= Robert Powell (herpetologist) =

American herpetologist (b.1948)

Robert ″Bob″ Powell (born 17 August 1948 in Germany) is an American herpetologist. His main research interest is in the herpetofauna of the Caribbean.

==Career==
Powell was born in Germany but raised in Missouri. He received his Bachelor of Arts in 1970 from the University of Missouri and his Master of Arts in 1971 from the University of Missouri–Kansas City. In 1984, he received his Ph.D. from the University of Missouri with the thesis ″Variation in Spotted Salamanders (Ambystoma maculatum) from Missouri". In 1989, he became professor and coordinator in the biology department at the Avila College in Kansas City. From 1994 until 2018 he was professor for biology at the Avila University in Kansas City. In 2005, he described the gecko species Gonatodes daudini from Union Island, Saint Vincent and the Grenadines in collaboration with Robert W. Henderson.

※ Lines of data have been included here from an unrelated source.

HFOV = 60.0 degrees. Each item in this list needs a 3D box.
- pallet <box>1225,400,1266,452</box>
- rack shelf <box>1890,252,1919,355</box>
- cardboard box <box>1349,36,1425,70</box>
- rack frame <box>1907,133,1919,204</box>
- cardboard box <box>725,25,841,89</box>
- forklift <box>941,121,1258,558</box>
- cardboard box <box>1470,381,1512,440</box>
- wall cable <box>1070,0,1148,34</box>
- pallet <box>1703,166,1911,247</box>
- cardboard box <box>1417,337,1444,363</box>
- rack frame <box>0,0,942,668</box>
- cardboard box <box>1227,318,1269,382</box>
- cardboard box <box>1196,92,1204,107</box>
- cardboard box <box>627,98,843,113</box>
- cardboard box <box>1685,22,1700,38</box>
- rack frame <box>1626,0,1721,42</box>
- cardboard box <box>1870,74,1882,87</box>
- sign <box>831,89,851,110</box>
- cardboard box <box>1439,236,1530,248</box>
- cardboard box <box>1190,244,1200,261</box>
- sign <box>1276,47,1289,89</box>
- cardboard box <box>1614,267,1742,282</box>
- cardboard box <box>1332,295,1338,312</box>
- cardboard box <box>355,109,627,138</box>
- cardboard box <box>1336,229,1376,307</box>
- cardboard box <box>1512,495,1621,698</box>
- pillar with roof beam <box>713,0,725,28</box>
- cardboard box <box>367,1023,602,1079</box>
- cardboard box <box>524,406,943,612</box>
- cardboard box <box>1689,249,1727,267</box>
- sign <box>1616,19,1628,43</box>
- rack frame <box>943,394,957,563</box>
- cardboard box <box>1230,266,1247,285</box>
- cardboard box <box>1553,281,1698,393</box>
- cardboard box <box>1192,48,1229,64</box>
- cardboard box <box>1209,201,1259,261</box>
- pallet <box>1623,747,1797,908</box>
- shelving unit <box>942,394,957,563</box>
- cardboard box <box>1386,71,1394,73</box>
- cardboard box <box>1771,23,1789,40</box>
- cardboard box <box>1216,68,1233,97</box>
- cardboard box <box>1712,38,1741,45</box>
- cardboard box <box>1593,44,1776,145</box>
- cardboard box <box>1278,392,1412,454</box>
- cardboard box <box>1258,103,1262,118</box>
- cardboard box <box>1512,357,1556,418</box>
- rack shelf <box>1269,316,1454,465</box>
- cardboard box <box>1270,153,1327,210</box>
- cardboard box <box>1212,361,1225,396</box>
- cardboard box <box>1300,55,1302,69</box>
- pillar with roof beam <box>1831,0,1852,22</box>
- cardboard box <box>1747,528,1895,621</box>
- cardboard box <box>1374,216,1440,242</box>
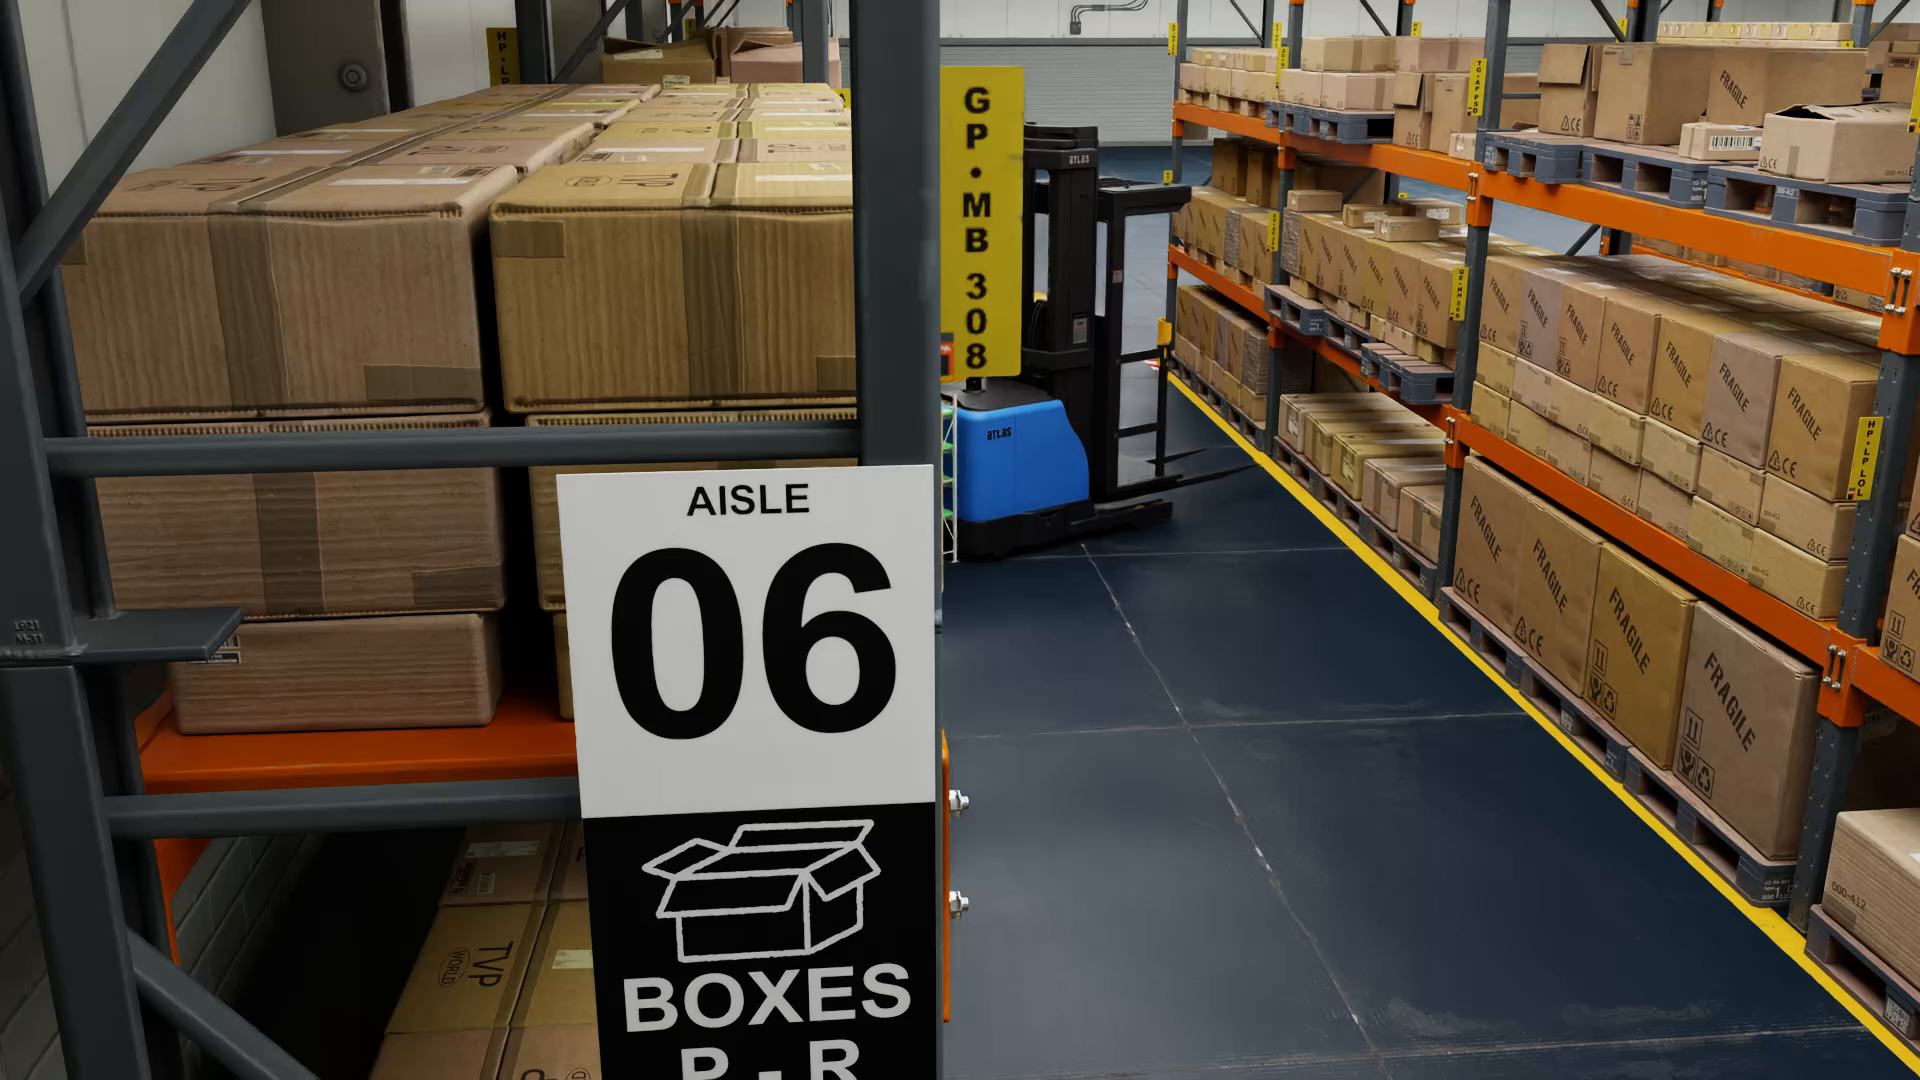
[{"bbox_3d":[3.071,-1.067,15.224,1.003,0.211,1.213,-2,18,-6],"label":"pallet"},{"bbox_3d":[4.207,-0.307,4.341,1.077,0.370,4.000,-2,18,-6],"label":"rack shelf"},{"bbox_3d":[3.362,-3.828,13.070,0.500,0.250,0.500,-1,17,-4],"label":"cardboard box"},{"bbox_3d":[4.001,-2.677,5.682,1.000,3.000,0.127,-2,18,-6],"label":"rack frame"},{"bbox_3d":[-0.620,-1.660,5.812,0.396,0.266,0.258,-2,18,-6],"label":"cardboard box"},{"bbox_3d":[0.993,-1.607,12.401,3.031,2.935,1.130,-13,21,-35],"label":"forklift"},{"bbox_3d":[3.389,-0.782,9.910,0.500,0.250,0.500,-2,18,-7],"label":"cardboard box"},{"bbox_3d":[4.363,-17.631,47.634,2.305,6.003,0.169,-2,18,-6],"label":"wall cable"},{"bbox_3d":[3.857,-1.427,7.025,0.805,0.209,1.217,-2,18,-8],"label":"pallet"},{"bbox_3d":[3.221,-1.255,10.886,0.380,0.149,0.250,-2,17,-5],"label":"cardboard box"},{"bbox_3d":[-0.523,-1.331,1.394,1.000,3.000,0.127,-2,18,-6],"label":"rack frame"},{"bbox_3d":[2.794,-1.764,15.427,0.500,0.500,0.500,-1,17,-5],"label":"cardboard box"},{"bbox_3d":[2.584,-4.437,16.715,0.380,0.149,0.250,-1,17,-4],"label":"cardboard box"},{"bbox_3d":[-0.539,-0.956,4.124,0.500,0.250,0.500,-1,17,-5],"label":"cardboard box"},{"bbox_3d":[7.498,-5.101,16.629,0.380,0.149,0.250,-2,18,-7],"label":"cardboard box"},{"bbox_3d":[7.677,-6.436,17.653,1.000,3.000,0.127,-2,18,-6],"label":"rack frame"},{"bbox_3d":[8.361,-4.137,14.890,0.380,0.149,0.250,-2,18,-5],"label":"cardboard box"},{"bbox_3d":[-0.397,-1.357,5.622,0.100,0.325,0.005,-2,18,-6],"label":"sign"},{"bbox_3d":[3.650,-1.851,11.701,0.500,0.500,0.500,-1,17,-5],"label":"cardboard box"},{"bbox_3d":[2.560,-2.930,16.920,0.380,0.149,0.250,-2,17,-5],"label":"cardboard box"},{"bbox_3d":[2.637,-3.857,13.585,0.100,0.325,0.005,-2,18,-6],"label":"sign"},{"bbox_3d":[3.963,-1.233,9.261,0.500,0.500,0.500,-1,17,-5],"label":"cardboard box"},{"bbox_3d":[3.049,-1.796,12.609,0.380,0.149,0.250,-2,18,-5],"label":"cardboard box"},{"bbox_3d":[-0.988,-0.791,3.600,0.500,0.250,0.500,-2,18,-6],"label":"cardboard box"},{"bbox_3d":[3.092,-1.990,12.145,0.500,0.500,0.500,-2,18,-8],"label":"cardboard box"},{"bbox_3d":[3.665,0.281,9.121,0.875,0.875,0.875,-2,17,-5],"label":"cardboard box"},{"bbox_3d":[-0.573,-11.359,33.334,9.100,9.000,0.400,-2,18,-6],"label":"pillar with roof beam"},{"bbox_3d":[-0.887,1.178,3.170,0.500,0.250,0.500,-2,18,-5],"label":"cardboard box"},{"bbox_3d":[-0.297,-0.111,2.269,0.500,0.250,0.500,-2,18,-6],"label":"cardboard box"},{"bbox_3d":[7.867,-3.045,16.619,0.875,0.550,0.500,-2,18,-6],"label":"cardboard box"},{"bbox_3d":[7.124,-5.444,17.910,0.100,0.325,0.005,-2,18,-6],"label":"sign"},{"bbox_3d":[-0.122,-0.399,11.444,0.240,1.200,0.015,-13,22,-35],"label":"rack frame"},{"bbox_3d":[2.732,-2.468,15.449,0.380,0.149,0.250,-2,18,-6],"label":"cardboard box"},{"bbox_3d":[3.495,-1.075,8.757,0.500,0.500,0.500,-1,17,-4],"label":"cardboard box"},{"bbox_3d":[2.597,-4.970,17.080,0.380,0.149,0.250,-2,18,-6],"label":"cardboard box"},{"bbox_3d":[2.707,-2.973,15.976,0.500,0.500,0.500,-2,18,-7],"label":"cardboard box"},{"bbox_3d":[3.846,1.288,7.723,1.003,0.211,1.213,-2,18,-6],"label":"pallet"},{"bbox_3d":[-0.270,-0.457,11.629,0.258,1.200,0.503,-13,22,-35],"label":"shelving unit"},{"bbox_3d":[3.427,-3.438,12.662,0.500,0.250,0.500,-2,17,-5],"label":"cardboard box"},{"bbox_3d":[7.658,-4.645,15.178,0.380,0.149,0.250,-1,17,-5],"label":"cardboard box"},{"bbox_3d":[2.704,-4.277,15.539,0.500,0.250,0.500,-1,17,-4],"label":"cardboard box"},{"bbox_3d":[7.628,-4.720,16.082,0.500,0.250,0.500,-2,18,-6],"label":"cardboard box"},{"bbox_3d":[3.880,-2.397,8.928,0.700,0.500,0.500,-3,18,-8],"label":"cardboard box"},{"bbox_3d":[3.232,-0.989,14.006,0.950,0.372,0.625,-2,17,-5],"label":"cardboard box"},{"bbox_3d":[2.872,-3.825,14.764,0.380,0.149,0.250,-2,18,-8],"label":"cardboard box"},{"bbox_3d":[3.447,-0.861,9.328,0.500,0.250,0.500,-1,17,-4],"label":"cardboard box"},{"bbox_3d":[3.382,-1.260,12.382,1.077,0.370,4.000,-2,18,-6],"label":"rack shelf"},{"bbox_3d":[3.290,-3.306,15.368,0.700,0.500,0.500,-2,18,-7],"label":"cardboard box"},{"bbox_3d":[2.735,-1.565,16.043,0.500,0.250,0.500,-2,17,-5],"label":"cardboard box"},{"bbox_3d":[2.926,-3.978,13.920,0.380,0.149,0.250,-1,17,-4],"label":"cardboard box"},{"bbox_3d":[20.958,-15.641,46.974,9.100,9.000,0.400,-2,18,-6],"label":"pillar with roof beam"},{"bbox_3d":[3.704,0.131,7.004,0.500,0.250,0.500,-2,18,-7],"label":"cardboard box"},{"bbox_3d":[3.139,-2.185,11.682,0.380,0.149,0.250,-3,18,-8],"label":"cardboard box"}]

Powell is member in the following organisations: American Society of Ichthyologists and Herpetologists, American Society of Mammalogists, Association of College and University Biology Educators, Association of Systematics Collections, Biological Society of Washington, Chicago Herpetological Society, Council on Undergraduate Research, Deutsche Gesellschaft für Herpetologie und Terrarienkunde, Herpetologists’ League, International Iguana Society, IUCN Diminishing Amphibian Task Force, IUCN Iguana Specialist Group, Kansas City Herpetological Society, Kansas Herpetological Society, Maryland Herpetological Society, Missouri Academy of Science, Missouri Herpetological Association, Missouri Prairie Foundation, Societas Europaea Herpetologica, Society for the Study of Amphibians and Reptiles, and Vida Silvestre Neotropical.

==Publications==
- Henderson, R.W., and R. Powell (editors) (2018). Amphibians and Reptiles of the St. Vincent and Grenada Banks, West Indies Frankfurt am Main: Edition Chimaira. ISBN 978-3-89973-483-6
- Powell, R., R. Conant, and J.T. Collins (2016). Peterson Field Guide to Reptiles and Amphibians of Eastern and Central North America. Boston and New York: Houghton Mifflin Harcourt. ISBN 978-0-544-12997-9.
- Powell, R., J.T. Collins, and E.D. Hooper, Jr. (2012). A Key to the Herpetofauna of the Continental United States and Canada. Second edition, revised and updated. Lawrence, Kansas: University of Kansas Press.
- Henderson, R.W., and R. Powell (2009). Natural History of West Indian Reptiles and Amphibians. Gainesville, Florida: University of Florida Press.
- Henderson, R.W., and R. Powell (eds.) (2007). The Biology of Boas and Pythons. Eagle Mountain, Utah: Eagle Mountain Publishing LC.
- Powell, R., R.W. Henderson, and J.S. Parmerlee, Jr. (2005). The Reptiles and Amphibians of the Dutch Caribbean: St. Eustatius, Saba, and St. Maarten. Gallows Bay, St. Eustatius, Netherlands Antilles: St. Eustatius National Parks Foundation.
- Henderson, R.W., and R. Powell (eds.) (2003). Islands and the Sea: Essays on Herpetological Exploration in the West Indies. Ithaca, New York: Society for the Study of Amphibians and Reptiles Contributions in Herpetology. Vol. 20.
- Hodge, K.V.D., E.J. Cenksy, and R. Powell (2003). The Reptiles and Amphibians of Anguilla, British West Indies. The Valley: Anguilla National Trust.
- Powell, R., J.T. Collins, and E.D. Hooper, Jr. (1998). A Key to the Amphibians and Reptiles of the Continental United States and Canada. Lawrence, Kansas: University of Kansas Press.
- Powell, R., and R.W. Henderson (eds.) (1996). Contributions to West Indian Herpetology: A Tribute to Albert Schwartz. Itahaca, New York: Soc. Study Amphib. Rept. Contrib. Herpetol. No. 12.